Scenario 1. S&T Develops a Mind of Its Own
By 2025 the number, linkage, and longevity of educated humans increased dramatically. Human intelligence had been augmented by a vast variety of computer-mind interfaces. As intelligence increased, science and technology (S&T) accelerated, which in turn further accelerated collective intelligence.
As a result, the rate of scientific discoveries and technological applications became so fast that by the time government regulations were put into place, the science and technological capacities had moved far beyond the conditions that called for the original regulations. Additionally, S&T activities outlawed in one country quickly moved to others. Globalization and advanced cyberspace made it simple to bypass rules by constantly redistributing activities around the world.

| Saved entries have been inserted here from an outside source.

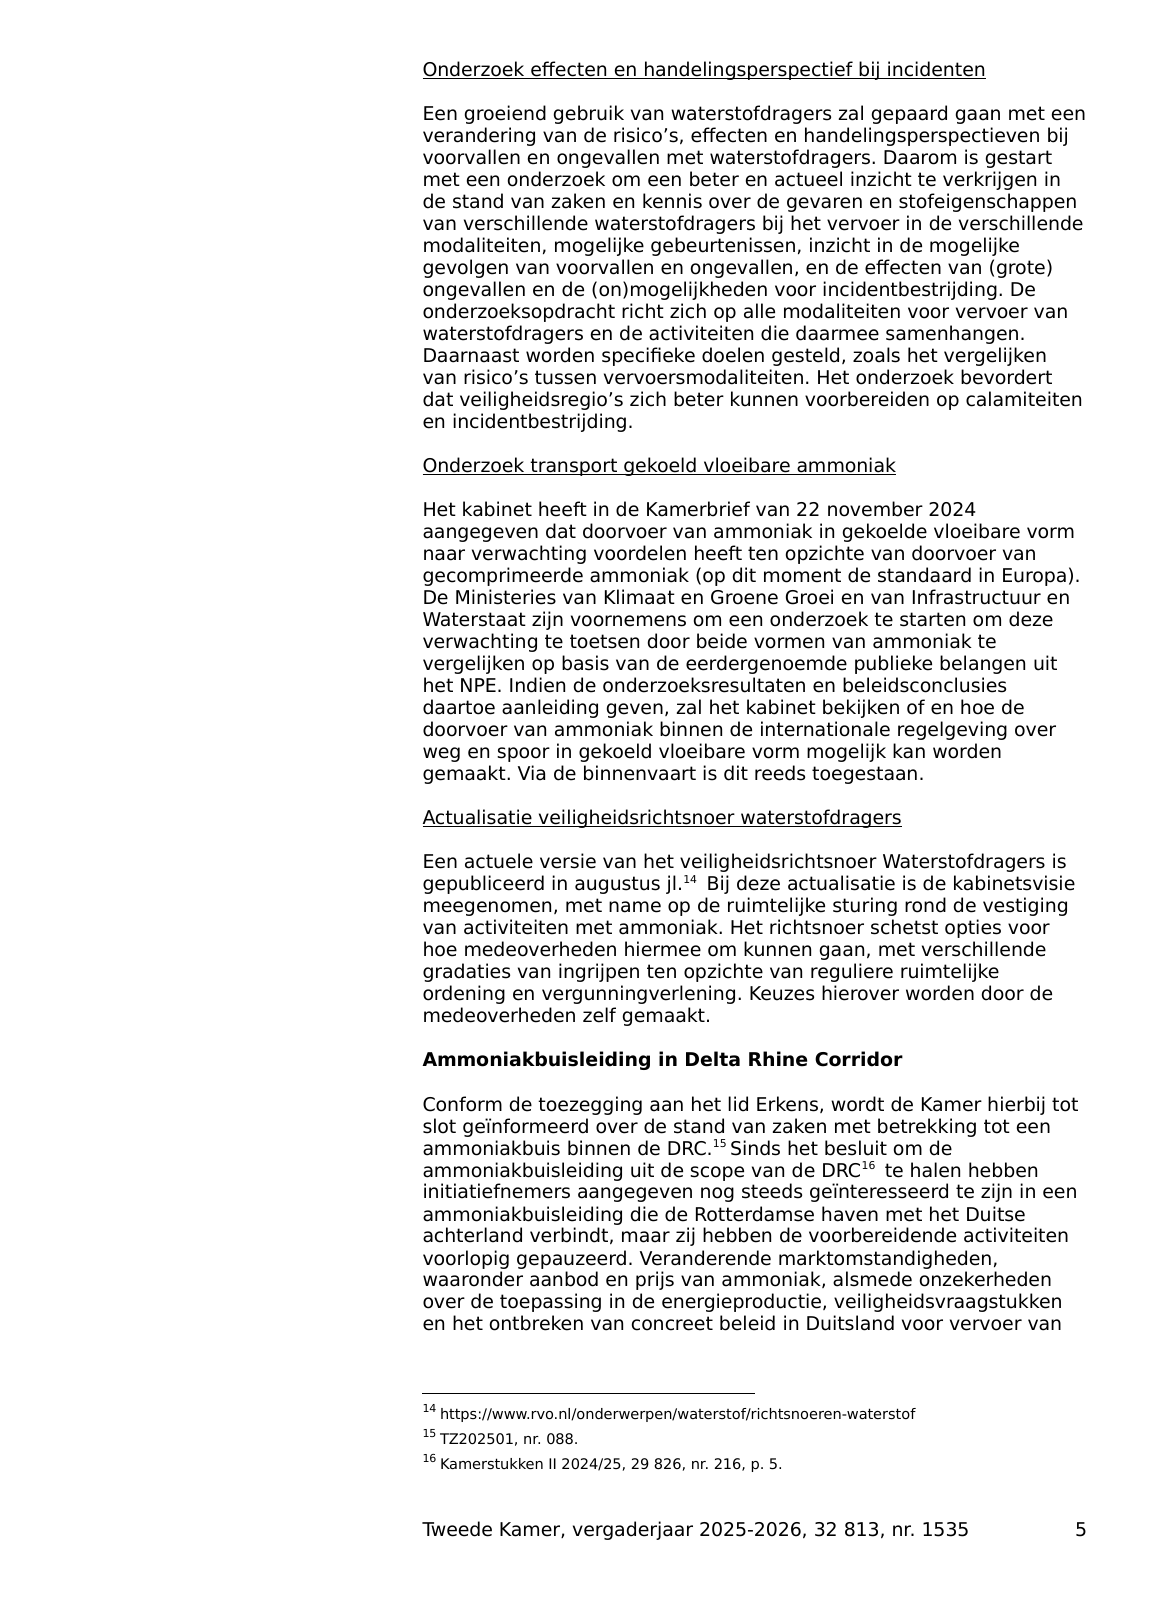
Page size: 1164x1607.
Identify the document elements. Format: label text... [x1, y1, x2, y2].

subtitle Onderzoek transport gekoeld vloeibare ammoniak [422, 455, 1087, 477]
subtitle Actualisatie veiligheidsrichtsnoer waterstofdragers [422, 807, 1087, 829]
text Het kabinet heeft in de Kamerbrief van 22 november 2024 aangegeven dat doorvoer van ammoniak in gekoelde vloeibare vorm naar verwachting voordelen heeft ten opzichte van doorvoer van gecomprimeerde ammoniak (op dit moment de standaard in Europa). De Ministeries van Klimaat en Groene Groei en van Infrastructuur en Waterstaat zijn voornemens om een onderzoek te starten om deze verwachting te toetsen door beide vormen van ammoniak te vergelijken op basis van de eerdergenoemde publieke belangen uit het NPE. Indien de onderzoeksresultaten en beleidsconclusies daartoe aanleiding geven, zal het kabinet bekijken of en hoe de doorvoer van ammoniak binnen de internationale regelgeving over weg en spoor in gekoeld vloeibare vorm mogelijk kan worden gemaakt. Via de binnenvaart is dit reeds toegestaan. [422, 499, 1087, 785]
text Conform de toezegging aan het lid Erkens, wordt de Kamer hierbij tot slot geïnformeerd over de stand van zaken met betrekking tot een ammoniakbuis binnen de DRC.Sinds het besluit om de ammoniakbuisleiding uit de scope van de DRC te halen hebben initiatiefnemers aangegeven nog steeds geïnteresseerd te zijn in een ammoniakbuisleiding die de Rotterdamse haven met het Duitse achterland verbindt, maar zij hebben de voorbereidende activiteiten voorlopig gepauzeerd. Veranderende marktomstandigheden, waaronder aanbod en prijs van ammoniak, alsmede onzekerheden over de toepassing in de energieproductie, veiligheidsvraagstukken en het ontbreken van concreet beleid in Duitsland voor vervoer van [422, 1093, 1087, 1335]
text Een actuele versie van het veiligheidsrichtsnoer Waterstofdragers is gepubliceerd in augustus jl. Bij deze actualisatie is de kabinetsvisie meegenomen, met name op de ruimtelijke sturing rond de vestiging van activiteiten met ammoniak. Het richtsnoer schetst opties voor hoe medeoverheden hiermee om kunnen gaan, met verschillende gradaties van ingrijpen ten opzichte van reguliere ruimtelijke ordening en vergunningverlening. Keuzes hierover worden door de medeoverheden zelf gemaakt. [422, 851, 1087, 1027]
text TZ202501, nr. 088. [422, 1427, 1087, 1449]
text Kamerstukken II 2024/25, 29 826, nr. 216, p. 5. [422, 1452, 1087, 1474]
subtitle Ammoniakbuisleiding in Delta Rhine Corridor [422, 1049, 1087, 1071]
subtitle Onderzoek effecten en handelingsperspectief bij incidenten [422, 59, 1087, 81]
text https://www.rvo.nl/onderwerpen/waterstof/richtsnoeren-waterstof [422, 1402, 1087, 1424]
text Een groeiend gebruik van waterstofdragers zal gepaard gaan met een verandering van de risico’s, effecten en handelingsperspectieven bij voorvallen en ongevallen met waterstofdragers. Daarom is gestart met een onderzoek om een beter en actueel inzicht te verkrijgen in de stand van zaken en kennis over de gevaren en stofeigenschappen van verschillende waterstofdragers bij het vervoer in de verschillende modaliteiten, mogelijke gebeurtenissen, inzicht in de mogelijke gevolgen van voorvallen en ongevallen, en de effecten van (grote) ongevallen en de (on)mogelijkheden voor incidentbestrijding. De onderzoeksopdracht richt zich op alle modaliteiten voor vervoer van waterstofdragers en de activiteiten die daarmee samenhangen. Daarnaast worden specifieke doelen gesteld, zoals het vergelijken van risico’s tussen vervoersmodaliteiten. Het onderzoek bevordert dat veiligheidsregio’s zich beter kunnen voorbereiden op calamiteiten en incidentbestrijding. [422, 103, 1087, 433]

Meanwhile, the International Science and Technology Organization (ISTO) had evolved over the years into a body that has a unique influence on S&T developments. The organization was originally designed as an information switchboard to make it easier for anyone to access the world's S&T knowledge along with conjecture about future S&T threats and opportunities. As a result, unexpected as it was, scientists and engineers became less likely to pursue dangerous activities since the bright light of publicity and information made it apparent who was pursuing science for the betterment of the human condition in a rational way, and who was flouting the rules. This exposure influenced funding, university hiring, collegial cooperation, and publication within the world S&T community.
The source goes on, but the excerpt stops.